I think one of the weirder things I have learned from Loki is how to accept tough love.
Tough love is a weird and unwelcome concept for a lot of people. A lot of people hide malicious intentions behind the idea of tough love. People with agendas, or a sense of selfishness they refuse to rein in, are often needlessly harsh and fall back on claiming to mean well to avoid consequences. In retaliation, other, better-meaning people want to claim that love shouldn’t hurt, ever. Under any circumstances. Even this crowd hides its own creeping agenda, as a refusal of negative experience is also often a refusal of consequences. All these people do is sour the concept.
Tough love in its true form is best known in the context of addiction recovery, as that’s where the concept originates. While I’ve never grappled with substance abuse, trauma recovery brings out many of the same symptoms, carries much of the same baggage, and results in similarly bad behavior.
I’m a traumatized person, and I need tough love.
The way I have managed my trauma before receiving professional and divine help…didn’t work. Recovery just isn’t something you can do by feel, when the entire problem is that your brain has betrayed you. What makes sense does not necessarily have any genuine logic to it. Just because something feels dangerous or impossible doesn’t mean it really is. Alternately, just because something feels justified in your fear, doesn’t make it so.
I threw hairbrushes at people and screamed unthinkable insults at the love of my life over the stupidest things. It was not sustainable, and I needed a change that I was unwilling to make.
Loki’s a pretty well established boundary-violator. That is terrifying when your trauma comes from violated boundaries to begin with. And you can always, theoretically, say no. Low-value efforts will not be pushed farther than you allow them to be. Our relationships with the gods are a mutual investment–and our gods have things to do, they’re not going to invest in something pointless.
But always saying no doesn’t get you places. You know this. Your therapist knows this. Your gods know this. Someone in this team has to give you a hard time when something is important. If Loki’s on that team, it’ll most likely be him.
And I needed to be used to the idea that other people are smarter than me and have a valuable perspective. A power dynamic is great for making you accept that. It’s hard to believe it with other humans, because we’re all theoretically on the same level and a lot of us are really stupid. I say this on the grounds that I am a human who is really stupid.
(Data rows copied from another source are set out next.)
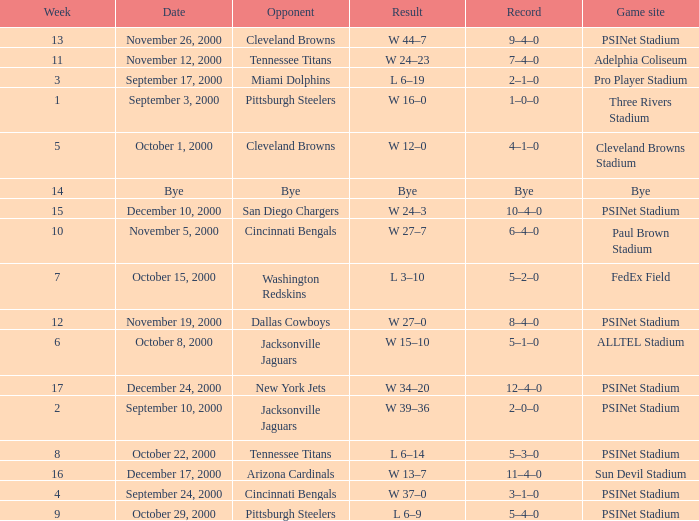What's the record after week 12 with a game site of bye? Bye. 
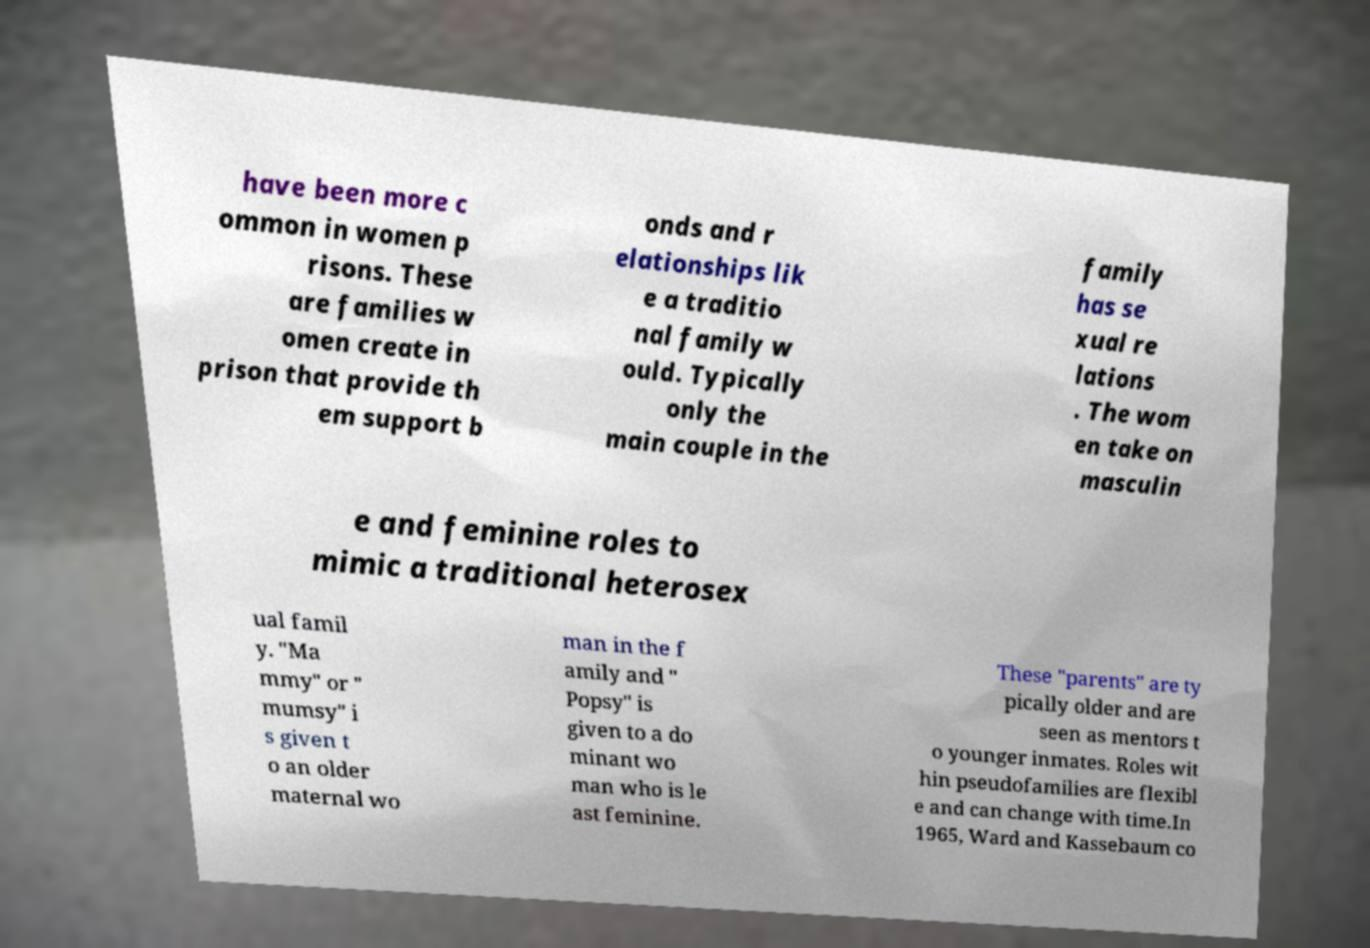I need the written content from this picture converted into text. Can you do that? have been more c ommon in women p risons. These are families w omen create in prison that provide th em support b onds and r elationships lik e a traditio nal family w ould. Typically only the main couple in the family has se xual re lations . The wom en take on masculin e and feminine roles to mimic a traditional heterosex ual famil y. "Ma mmy" or " mumsy" i s given t o an older maternal wo man in the f amily and " Popsy" is given to a do minant wo man who is le ast feminine. These "parents" are ty pically older and are seen as mentors t o younger inmates. Roles wit hin pseudofamilies are flexibl e and can change with time.In 1965, Ward and Kassebaum co 
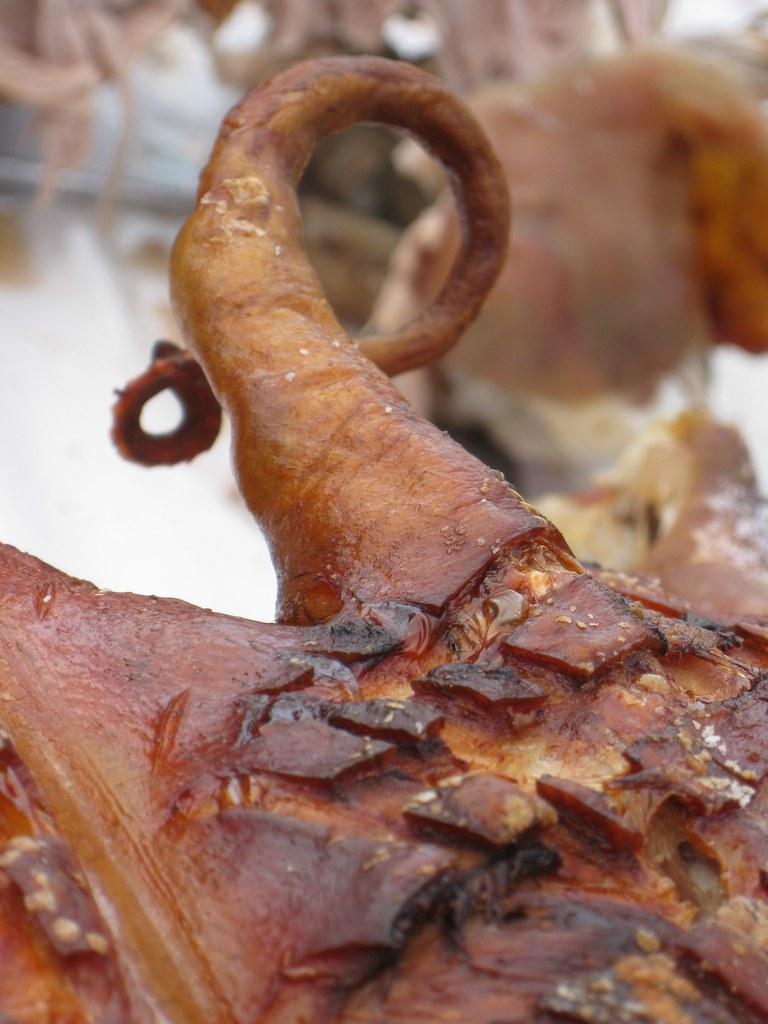Describe this image in one or two sentences. In this image I can see a food item which is orange, brown and black in color. In the background I can see few other items which are blurry. 
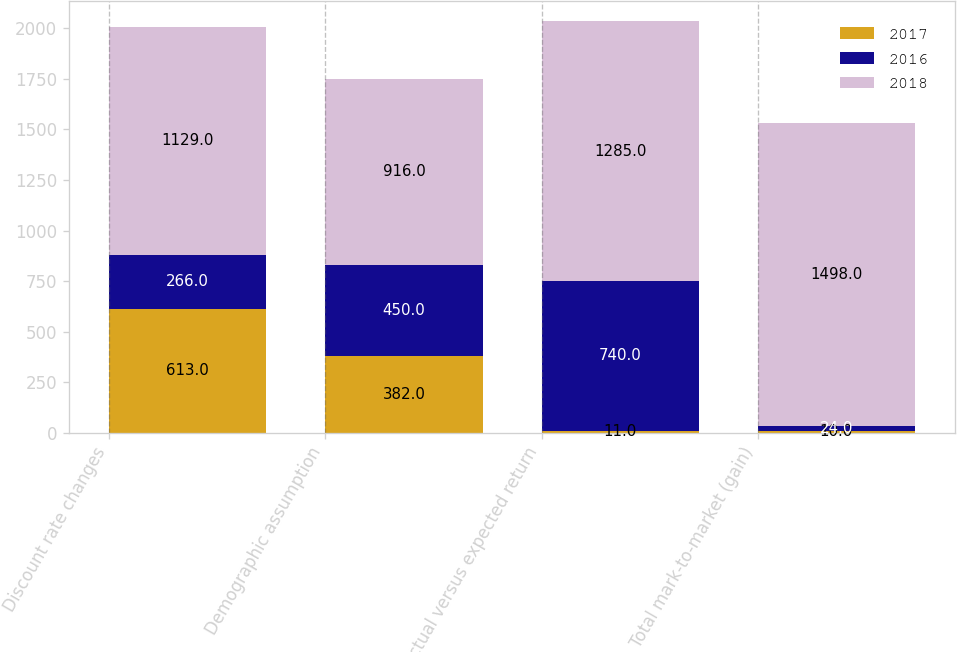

And part of distinguishing tough love from malice is recognizing that there is a difference between fearing and being afraid. To fear is to know that there can be consequences if you step out of line, and trusting that these consequences will be survivable and done for a good reason. To be afraid is to fear consequences and to refuse them by any means necessary.
I fear Loki. But I am not afraid of Loki. He is often annoying, and kind of a dick. But he acts with good reason.
And when you are throwing objects at people because you refuse to take a joke, lashing out at strangers on the internet and dropping commitments, torching bridges for petty reasons and sabotaging yourself when you really need to cut someone out, refusing to leave your house…you can’t live like that. You need a loving kick in the ass.
And Loki is more than happy to oblige.
If I had not been pestered into doing some pretty heavy shadow work, I’d be in worse shape than I already was. By contrast, I’m a much more functional person who can recognize when the Bad Brains are acting up, and who has the skills to start addressing the problem and dig up the root.
Religion isn’t a substitute for therapy. But it makes a great supplement.